I have not previously discussed it here, because it is so personal to me, and is still, almost a year later, a wound that festers. My mother died on the 5th of June last year. As so often happens, we had known it was coming for five years or so, but when it happens, you still mourn. My mother was one of those who did all the "right" things, eating right, not smoking, not drinking (she took the very occasional drink for social purposes) and yet she ended up having some form of dementia. Toward the end, I could see the doctors, and the nurses treating her took the attitude that she did not have a "quality of life" that justified her continued taking up of oxygen. It was largely on the strength of both my Dad and me that she lived for another 2 months before slipping away. I have yet to write the obituary of my mother, and I wonder if I ever will. I know she would be disappointed, as an English teacher, that her son could not write her obituary. But each time I start, tears come to my eyes.

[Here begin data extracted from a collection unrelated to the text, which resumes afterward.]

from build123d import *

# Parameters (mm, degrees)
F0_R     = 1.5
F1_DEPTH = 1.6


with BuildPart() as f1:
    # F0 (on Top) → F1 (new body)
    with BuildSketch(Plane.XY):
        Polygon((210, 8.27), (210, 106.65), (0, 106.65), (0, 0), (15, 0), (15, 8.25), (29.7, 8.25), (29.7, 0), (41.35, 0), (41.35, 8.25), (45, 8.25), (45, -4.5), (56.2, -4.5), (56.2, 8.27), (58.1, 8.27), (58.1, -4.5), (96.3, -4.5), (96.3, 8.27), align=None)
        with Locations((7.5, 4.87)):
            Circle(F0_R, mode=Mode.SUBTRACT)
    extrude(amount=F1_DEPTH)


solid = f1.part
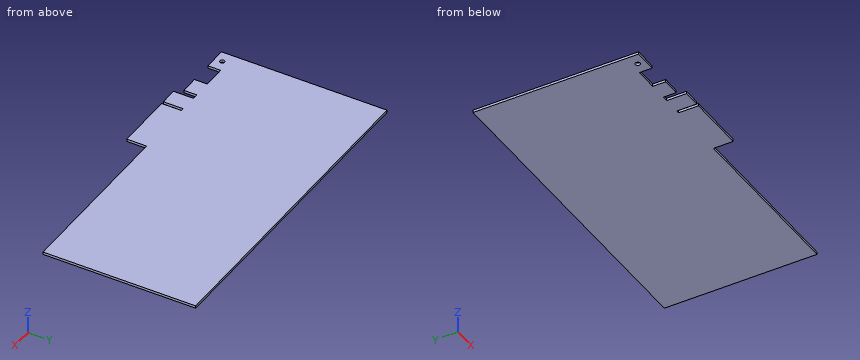
Can you work these out from the model? Positions are in its coordinate system, mm. Coordinates: 2 decimals unless noted, no trailing zeros. Write each loop counter-clockwise with the first axis right and the second up, starting at its lowest first coordinate (ties: lowest second). Pieces come first, ordered by that corner, then holes. Notation, with made-up numbers: (68.25, 86.5) -> (94.25, 86.5) arc R25 ccw to (94.25, 117.5) -> close; hole circle Ø3 at (9, 45). An arc over 180 degrees is marked (long way). Write each question's results on one line, items separated by ' | '. Start each with the question number.
Item 1: If we section it at A-A, the plane z = 0.3: Write out the boundary of the cut face in (x, y), and give its area (3 significant figures).
Item 2: Please list where these lines run through material, in increasing order: probe 1 along Y at (x, z) = (7.5, 0.9); probe 2 along Y at (x, z) = (10.5, 0.6); probe 3 along Y at (x, z) = (128.5, 1.1).
Item 3: If we section it at B-B, the plane x = 127: Write out the boundary of the cut face in (y, z), and give its area (3 significant figures).
Item 4: I'm going to push flat-ended pins straight in: P1, Ø0.5, axis at x = 43, z = 0.5, coming from the -Y side; P2, Ø1.8, axis at x = 7.5, y = 4.87, coming from the -Z side; P3, Ø0.8, axis at y = 0.5, z = 1, coming from the +X side; P4, Ø0.5, axis at x = 57.5, z = 1, coming from the -Y side. Where does each tip first touch, or does it pass through?
Answer block:
1) outline: (0, 0) -> (15, 0) -> (15, 8.25) -> (29.7, 8.25) -> (29.7, 0) -> (41.35, 0) -> (41.35, 8.25) -> (45, 8.25) -> (45, -4.5) -> (56.2, -4.5) -> (56.2, 8.27) -> (58.1, 8.27) -> (58.1, -4.5) -> (96.3, -4.5) -> (96.3, 8.27) -> (210, 8.27) -> (210, 106.65) -> (0, 106.65) -> close; hole circle Ø3 at (7.5, 4.87) | area: 21,500 mm²
2) probe 1: 0 to 3.37, 6.37 to 106.65 | probe 2: 0 to 106.65 | probe 3: 8.27 to 106.65
3) outline: (8.27, 0) -> (106.65, 0) -> (106.65, 1.6) -> (8.27, 1.6) -> close | area: 157 mm²
4) P1: y = 8.25 | P2: through | P3: x = 96.3 | P4: y = 8.27

So, it was with great interest that I read this story, at the American Thinker, entitled
The Death Panel's Loving Embrace, by Daren Jonescu. The story hit many of the criticisms that I felt during my mother's ordeal. I wanted to share it with you, gentle reader, in the event that reading a first hand account of the cruelty of Socialized medicine may cause you to think about the virtues of a market based system.
One of the things that I thought about a great deal as I sat there with my mother was this notion of "quality of life" (QOL). We all have things that, if we could not do them anymore, our quality of life would be impaired. Someone who cherishes his daily run may find that as he gets older he can no longer run. So he switches to the gentler bicycling. Does his QOL shrink? I think so, but not a lot. How about an older motorcyclist who at a certain age has to switch to riding a trike instead because he can no longer trust his legs to catch the weight of the motorcycle at stops? How about an elderly person whose eye sight becomes so impaired that he can no longer drive himself on his various errands, and must depend on neighbors and family members to take him where he needs to go? Question: When does QOL drop to a level where we decide that putting more resources into maintaining that life no longer "pays off?" Second question: If you can define that point, then what stops you from redefining that point whenever you need to because of budgetary shortfalls? This is the fallacy of QOL as defined by others. Your QOL may have suffered, but you may still see your life as valuable. Should someone else then decide that it is not?
We have been discussing human life in utilitarian terms. Like a old car, we seem to have decided, without much debate among those who will be affected, that at some point we just throw that person away. We view people as if they were units, not unique individuals. But each human is unique. Their presence touches our lives, and our lives would be poorer if they were not there. The cost of repairing the old car is greater than old car is worth. But, a human life can not be weighed by its utility to anyone in particular, or to society as a whole. If we were to weigh a human life in terms of utility to society as a whole, more prisoners would be executed, rather than spend the $30,000 that the average inmate costs society in this country. Surely criminals contribute nothing to society. But we don't execute people for petty crimes.
Life is a gift from God, and only God has the right to end a life. It is not for us to hurry death along, particularly for the reason that this hospital bed is needed by another, so just hurry up and die.